The two properties, both on Portugal’s popular beach region of The Algarve, are the 383-room Tivoli Marina Vilamoura, with the largest conference center in the region, and 248-room Tivoli Carvoeiro. According to Azora, its funds will continue targeting the sun-and-sand sector across Europe with more than 1.5 billion euros of total investment capacity .
2. UK Hotel Investment Jumps 135% Year Over Year
Business advisory Savills reports the outlook for the United Kingdom hotel investment marker is looking strong following the release of numbers that show a 135.2% year-over-year increase in the metric. It said U.K. hotel investment volumes came in at 1.7 billion pounds sterling ($2.3 billion) in the first half of 2021 across 59 deals.
It added the volume is still low compared to the pre-pandemic five-year average of 2.43 billion pounds sterling for the same period. Regional U.K. assets accounted for 56.9% of investment volume and 78% share of transactions. Blackstone’s March acquisition of Bourne Leisure accounts for a large portion of volumes in the first half of the year.
Total investment volumes in London reached 732.1 million pounds sterling, a drop of 46% compared to the historic five year average. Savills said the “positive momentum demonstrates the robustness of the sector and emphasizes the green shoots that are being seen.”
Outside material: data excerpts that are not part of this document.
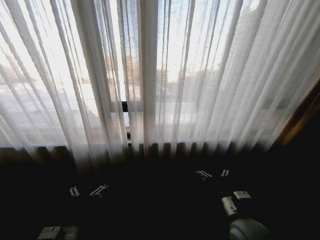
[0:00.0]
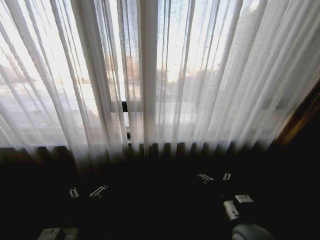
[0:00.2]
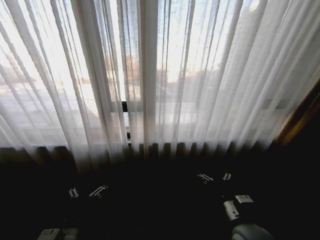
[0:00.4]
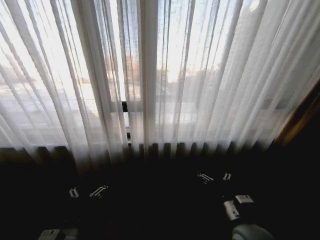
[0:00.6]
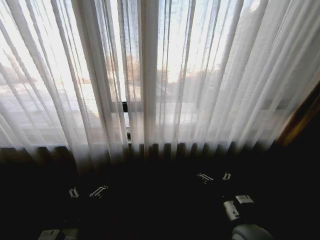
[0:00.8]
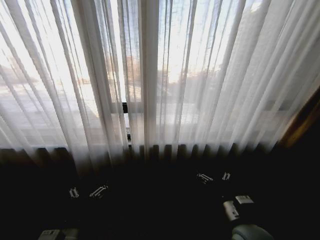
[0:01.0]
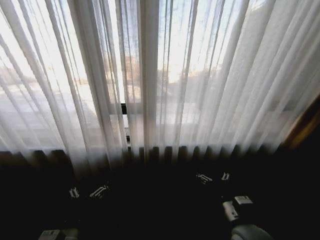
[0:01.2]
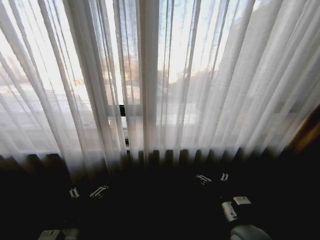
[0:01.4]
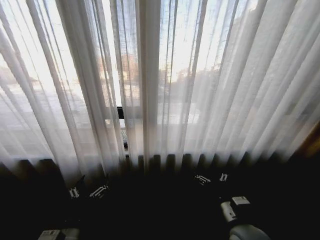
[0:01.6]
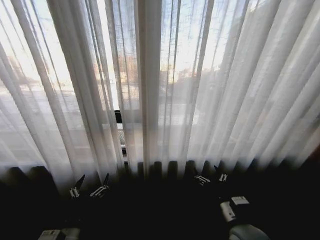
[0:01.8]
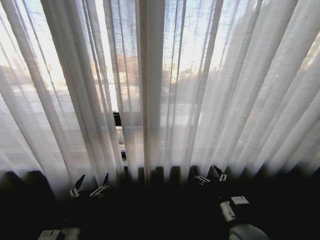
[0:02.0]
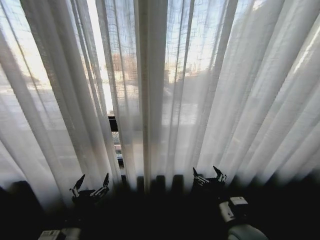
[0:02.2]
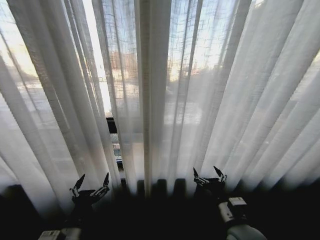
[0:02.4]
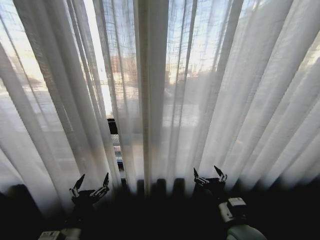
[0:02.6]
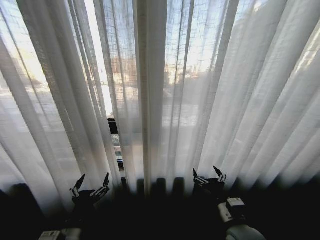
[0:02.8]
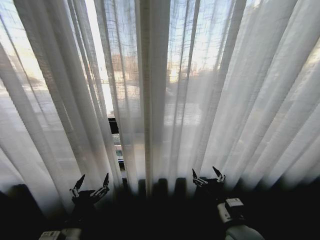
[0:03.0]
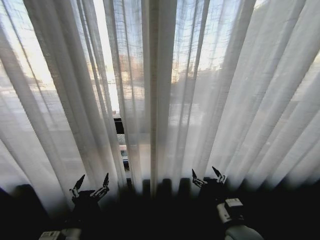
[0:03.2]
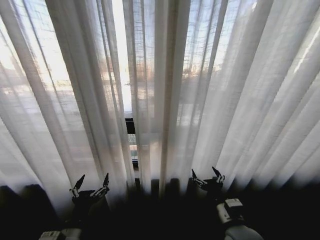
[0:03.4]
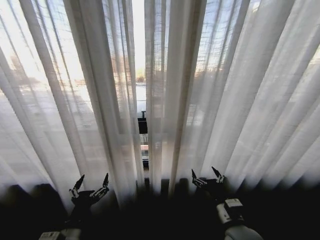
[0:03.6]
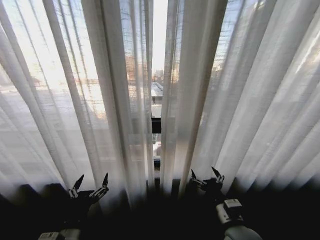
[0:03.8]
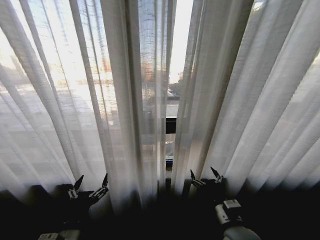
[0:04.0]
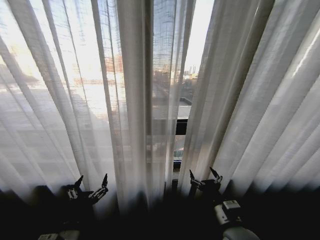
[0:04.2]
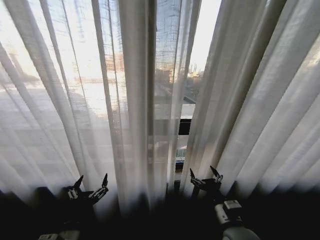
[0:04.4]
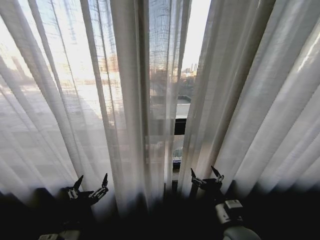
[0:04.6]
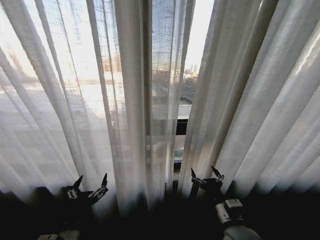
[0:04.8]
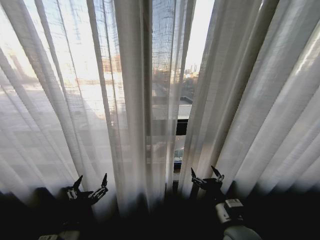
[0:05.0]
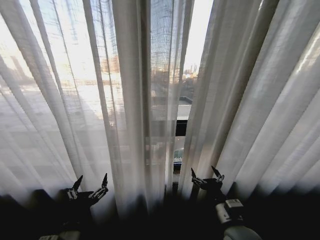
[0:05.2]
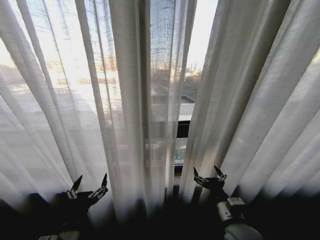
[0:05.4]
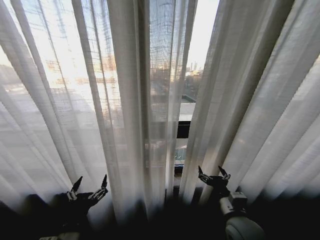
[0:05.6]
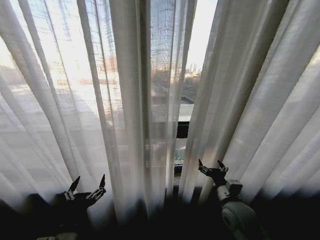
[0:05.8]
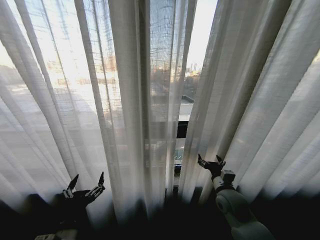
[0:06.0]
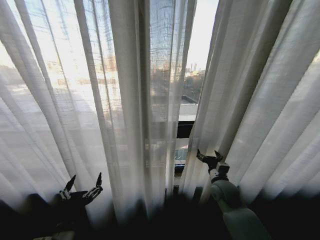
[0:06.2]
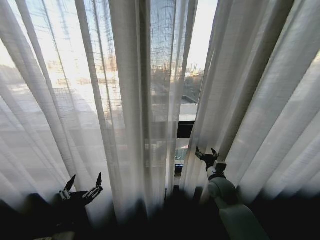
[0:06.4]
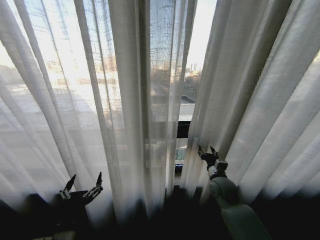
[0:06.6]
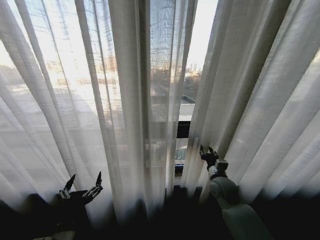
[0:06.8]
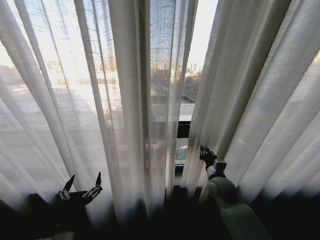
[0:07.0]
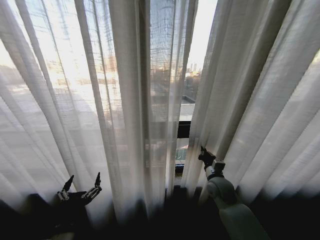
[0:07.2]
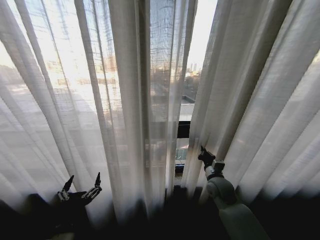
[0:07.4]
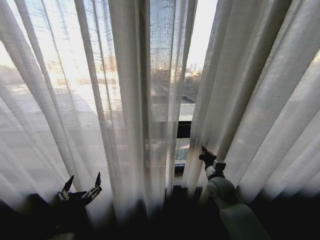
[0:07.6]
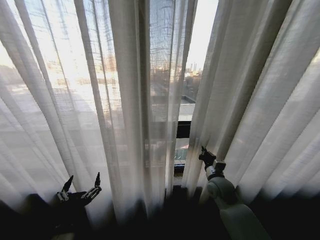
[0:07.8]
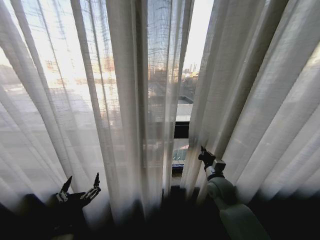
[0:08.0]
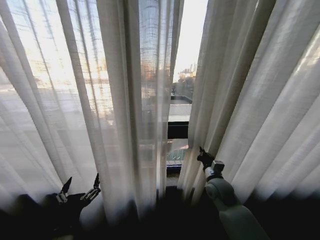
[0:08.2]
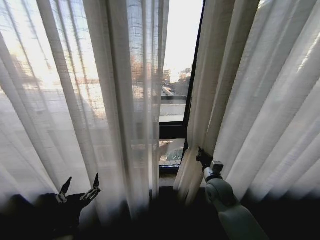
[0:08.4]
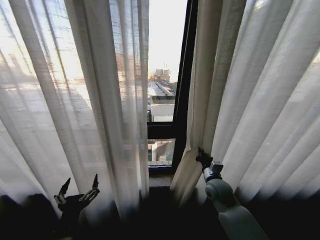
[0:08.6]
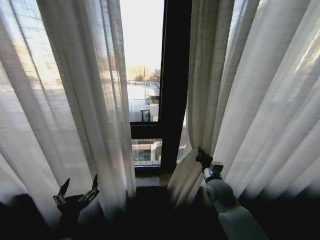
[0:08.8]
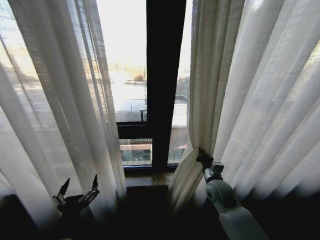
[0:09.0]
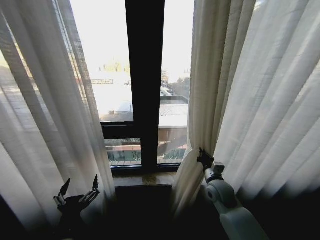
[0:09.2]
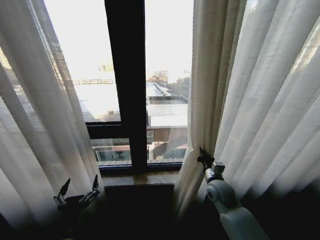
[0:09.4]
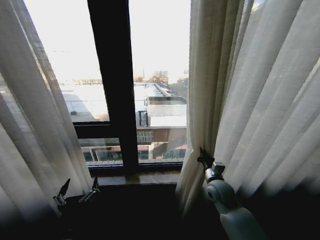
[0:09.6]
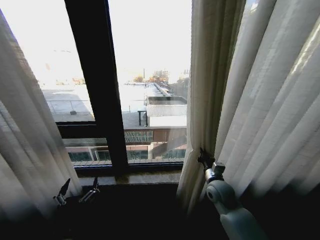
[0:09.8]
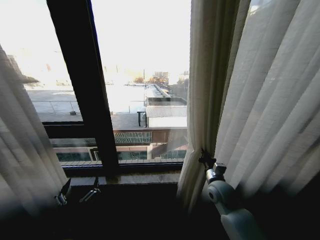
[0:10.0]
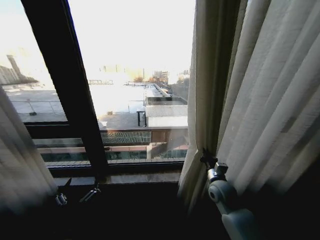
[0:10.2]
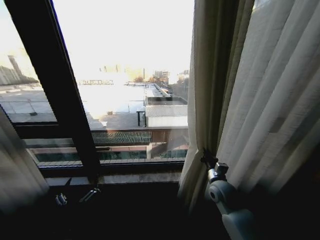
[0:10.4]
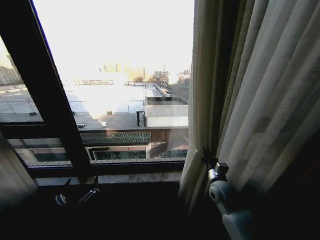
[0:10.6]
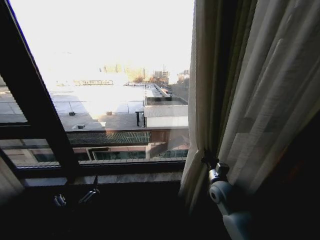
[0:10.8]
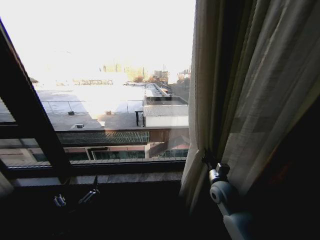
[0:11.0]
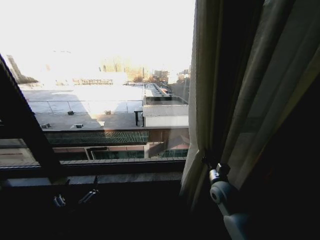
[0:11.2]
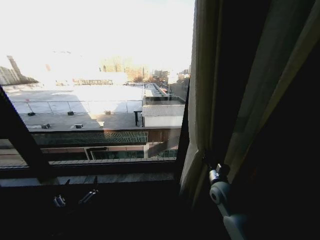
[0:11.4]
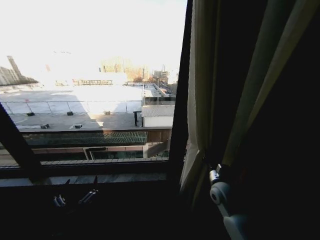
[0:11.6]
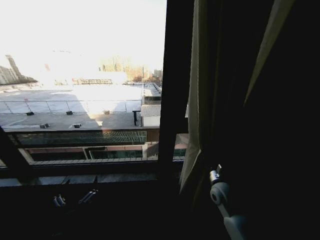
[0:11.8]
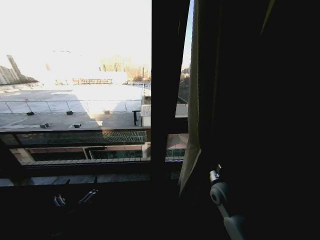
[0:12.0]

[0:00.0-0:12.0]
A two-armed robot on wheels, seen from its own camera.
Task of the whole recording: Open the curtains by pulling them apart, changing their state from closed to fully open.
0:04.4 to 0:06.0: The right gripper shifts roughly 10 cm forward.
0:06.0 to 0:07.6: The right gripper ends up about 5 cm from where it was, and closes its fingers.

3. Half a Million Jobs, $20 Billion in Taxes Lost in US
In its latest research, the American Hotel & Lodging Association reports that while leisure travel is returning, the hotel industry will have a long and uneven recovery, especially in urban destinations.
The study found that in the U.S., more than one in five direct hotel positions lost at the start of the pandemic, totaling 500,000 jobs, will not return by the end of 2021. Room revenue will fall from 2019 levels by $44 billion. The membership organization added that it projects occupancy will fall 10% from 2019 levels and that states and localities will lose more than $20 billion in unrealized tax revenue from hotels over the past two years.
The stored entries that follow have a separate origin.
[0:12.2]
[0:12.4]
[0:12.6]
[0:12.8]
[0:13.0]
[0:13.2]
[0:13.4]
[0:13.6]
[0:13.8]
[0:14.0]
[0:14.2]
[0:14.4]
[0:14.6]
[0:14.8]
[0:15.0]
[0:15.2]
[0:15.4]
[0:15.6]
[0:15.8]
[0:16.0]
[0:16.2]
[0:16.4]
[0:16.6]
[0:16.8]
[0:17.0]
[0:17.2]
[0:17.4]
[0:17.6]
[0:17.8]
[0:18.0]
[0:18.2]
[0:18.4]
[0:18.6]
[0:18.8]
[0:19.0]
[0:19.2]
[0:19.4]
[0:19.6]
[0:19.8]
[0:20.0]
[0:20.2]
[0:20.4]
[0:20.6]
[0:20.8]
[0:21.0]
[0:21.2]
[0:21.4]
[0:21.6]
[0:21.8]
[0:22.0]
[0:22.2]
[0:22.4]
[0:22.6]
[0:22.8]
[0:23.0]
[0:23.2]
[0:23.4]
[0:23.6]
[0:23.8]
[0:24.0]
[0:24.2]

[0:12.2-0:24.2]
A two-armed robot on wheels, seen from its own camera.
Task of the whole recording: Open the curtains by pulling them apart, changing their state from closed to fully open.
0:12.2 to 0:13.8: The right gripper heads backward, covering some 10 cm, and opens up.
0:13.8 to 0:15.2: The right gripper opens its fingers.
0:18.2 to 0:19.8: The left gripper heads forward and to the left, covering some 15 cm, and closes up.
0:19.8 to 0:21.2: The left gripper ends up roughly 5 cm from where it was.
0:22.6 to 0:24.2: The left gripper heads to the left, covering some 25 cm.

4. UK Government Borrowing Falls, But Debt Close To GDP
The United Kingdom government saw its year-on-year June level of borrowing decline by 5.5 billion pounds sterling to 22.8 billion pounds sterling as its economy slowly recovers from lockdown. All of its borrowing across the pandemic, however, has pushed government debt to more than 2.2 trillion pounds sterling, approximately 99.7% of gross domestic product, a figure the country has not been seen since the early 1960s, the BBC reports.
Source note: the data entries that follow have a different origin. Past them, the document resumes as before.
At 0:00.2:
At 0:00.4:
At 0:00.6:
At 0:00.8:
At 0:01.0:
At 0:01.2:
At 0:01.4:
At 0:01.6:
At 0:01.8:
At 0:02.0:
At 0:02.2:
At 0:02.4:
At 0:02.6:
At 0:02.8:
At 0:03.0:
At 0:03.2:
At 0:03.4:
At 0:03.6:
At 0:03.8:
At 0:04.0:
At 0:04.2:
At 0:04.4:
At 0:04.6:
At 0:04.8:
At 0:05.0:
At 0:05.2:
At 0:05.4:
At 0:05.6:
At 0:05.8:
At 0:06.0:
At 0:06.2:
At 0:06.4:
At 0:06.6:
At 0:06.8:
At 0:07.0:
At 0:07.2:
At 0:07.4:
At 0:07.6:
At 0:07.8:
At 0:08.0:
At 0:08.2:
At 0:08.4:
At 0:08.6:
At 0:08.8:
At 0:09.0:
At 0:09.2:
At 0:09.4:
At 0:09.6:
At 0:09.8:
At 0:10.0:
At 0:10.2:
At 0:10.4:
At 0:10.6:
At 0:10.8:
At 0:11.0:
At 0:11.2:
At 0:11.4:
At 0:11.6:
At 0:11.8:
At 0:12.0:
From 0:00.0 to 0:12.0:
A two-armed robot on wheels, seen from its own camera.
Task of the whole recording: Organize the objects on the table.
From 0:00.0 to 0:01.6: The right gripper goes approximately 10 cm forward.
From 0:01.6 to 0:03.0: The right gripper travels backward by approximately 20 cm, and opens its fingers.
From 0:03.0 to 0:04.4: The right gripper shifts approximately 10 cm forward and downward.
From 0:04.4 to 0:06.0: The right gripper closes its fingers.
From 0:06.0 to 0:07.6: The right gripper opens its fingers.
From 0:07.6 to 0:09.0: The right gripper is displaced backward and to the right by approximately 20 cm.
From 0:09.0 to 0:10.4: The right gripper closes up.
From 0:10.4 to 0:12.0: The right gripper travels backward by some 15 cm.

The June 2021 borrowing number remains the second-highest for June since records began, the article states. The Institute for Fiscal Studies said it expected borrowing to be higher and warned that Rishi Sunak, the chancellor of the exchequer, has “very little room for maneuver” in the forthcoming Spending Review, likely to be in October or November.
5. US Life Expectancy Declines 1.5 Years
According to the U.S. Centers for Disease Control & Prevention, life expectancy in the U.S. fell by 1.5 years in 2020 due the pandemic and other crises. The fall marks the biggest decline since World War II, according to the Wall Street Journal. The newspaper reports that U.S. life expectancy now averages 77.3 years, “roughly the same level as in 2003, erasing years of hard-won gains in the nation’s public health.”
The CDC added the female population saw a decline of 1.2 years, with COVID-19 contributing 79.8% of that decline, while the male population saw a 1.8-year decline, with COVID-19 contributing 68.7%.